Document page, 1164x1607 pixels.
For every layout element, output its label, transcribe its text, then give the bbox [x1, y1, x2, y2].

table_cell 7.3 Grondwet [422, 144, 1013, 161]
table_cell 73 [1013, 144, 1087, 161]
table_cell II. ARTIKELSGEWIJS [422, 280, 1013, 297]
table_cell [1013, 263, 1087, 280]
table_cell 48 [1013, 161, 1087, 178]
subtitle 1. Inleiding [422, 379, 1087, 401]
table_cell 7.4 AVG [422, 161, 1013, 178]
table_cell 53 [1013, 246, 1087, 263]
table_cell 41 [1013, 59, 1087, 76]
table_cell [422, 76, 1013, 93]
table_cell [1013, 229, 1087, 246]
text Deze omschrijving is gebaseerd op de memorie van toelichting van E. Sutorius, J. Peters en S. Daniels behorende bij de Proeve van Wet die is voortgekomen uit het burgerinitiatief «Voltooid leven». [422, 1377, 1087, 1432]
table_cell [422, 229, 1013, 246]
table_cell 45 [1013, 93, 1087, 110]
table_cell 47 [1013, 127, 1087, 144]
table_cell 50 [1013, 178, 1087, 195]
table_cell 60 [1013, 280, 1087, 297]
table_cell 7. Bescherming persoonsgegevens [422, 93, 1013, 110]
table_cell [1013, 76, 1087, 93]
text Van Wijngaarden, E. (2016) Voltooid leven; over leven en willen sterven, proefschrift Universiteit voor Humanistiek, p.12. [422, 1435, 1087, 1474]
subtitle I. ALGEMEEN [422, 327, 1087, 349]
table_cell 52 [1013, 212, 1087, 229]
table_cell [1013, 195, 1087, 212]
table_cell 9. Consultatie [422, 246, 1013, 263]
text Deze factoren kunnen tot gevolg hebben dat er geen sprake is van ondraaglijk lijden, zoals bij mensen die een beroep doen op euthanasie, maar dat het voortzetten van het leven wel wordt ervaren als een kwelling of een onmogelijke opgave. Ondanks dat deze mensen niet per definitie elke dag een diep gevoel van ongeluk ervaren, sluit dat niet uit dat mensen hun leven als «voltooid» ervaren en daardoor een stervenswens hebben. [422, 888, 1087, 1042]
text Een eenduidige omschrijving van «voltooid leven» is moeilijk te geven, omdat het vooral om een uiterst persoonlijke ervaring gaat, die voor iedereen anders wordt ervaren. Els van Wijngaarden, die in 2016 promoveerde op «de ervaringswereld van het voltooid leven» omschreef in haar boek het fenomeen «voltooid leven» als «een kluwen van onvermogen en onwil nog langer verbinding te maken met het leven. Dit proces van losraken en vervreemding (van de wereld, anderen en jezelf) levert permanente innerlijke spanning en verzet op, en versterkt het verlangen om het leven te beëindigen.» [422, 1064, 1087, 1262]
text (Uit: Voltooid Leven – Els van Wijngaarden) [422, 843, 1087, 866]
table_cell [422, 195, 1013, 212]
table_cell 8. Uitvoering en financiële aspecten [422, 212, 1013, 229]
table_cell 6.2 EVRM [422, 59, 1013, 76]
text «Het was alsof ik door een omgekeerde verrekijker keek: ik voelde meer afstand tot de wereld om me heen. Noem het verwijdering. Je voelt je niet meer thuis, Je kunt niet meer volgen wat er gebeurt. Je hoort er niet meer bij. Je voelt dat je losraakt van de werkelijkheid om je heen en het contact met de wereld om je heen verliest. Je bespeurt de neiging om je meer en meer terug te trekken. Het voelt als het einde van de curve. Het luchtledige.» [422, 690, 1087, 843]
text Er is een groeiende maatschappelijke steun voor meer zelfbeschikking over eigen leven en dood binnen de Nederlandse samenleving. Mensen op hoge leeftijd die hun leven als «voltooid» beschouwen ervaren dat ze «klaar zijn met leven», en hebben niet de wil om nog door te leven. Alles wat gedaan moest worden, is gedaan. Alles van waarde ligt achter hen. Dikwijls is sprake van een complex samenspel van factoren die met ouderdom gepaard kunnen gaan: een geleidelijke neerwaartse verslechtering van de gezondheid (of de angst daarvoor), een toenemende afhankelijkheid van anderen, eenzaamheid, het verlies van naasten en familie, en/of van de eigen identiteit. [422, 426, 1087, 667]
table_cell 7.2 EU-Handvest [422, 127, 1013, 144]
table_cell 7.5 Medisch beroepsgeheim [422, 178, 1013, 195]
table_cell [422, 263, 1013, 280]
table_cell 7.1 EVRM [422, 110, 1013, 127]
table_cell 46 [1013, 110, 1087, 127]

**WHAT IS REQUIRED**
In the entries above, find the line with "For every layout" and the line with "table_cell 45 [1013, 93, 1087, 110]", then set down exactly those two and every line between them, nothing else.

**SOLUTION TO THIS PROBLEM**
For every layout element, output its label, transcribe its text, then give the bbox [x1, y1, x2, y2].

table_cell 7.3 Grondwet [422, 144, 1013, 161]
table_cell 73 [1013, 144, 1087, 161]
table_cell II. ARTIKELSGEWIJS [422, 280, 1013, 297]
table_cell [1013, 263, 1087, 280]
table_cell 48 [1013, 161, 1087, 178]
subtitle 1. Inleiding [422, 379, 1087, 401]
table_cell 7.4 AVG [422, 161, 1013, 178]
table_cell 53 [1013, 246, 1087, 263]
table_cell 41 [1013, 59, 1087, 76]
table_cell [422, 76, 1013, 93]
table_cell [1013, 229, 1087, 246]
text Deze omschrijving is gebaseerd op de memorie van toelichting van E. Sutorius, J. Peters en S. Daniels behorende bij de Proeve van Wet die is voortgekomen uit het burgerinitiatief «Voltooid leven». [422, 1377, 1087, 1432]
table_cell [422, 229, 1013, 246]
table_cell 45 [1013, 93, 1087, 110]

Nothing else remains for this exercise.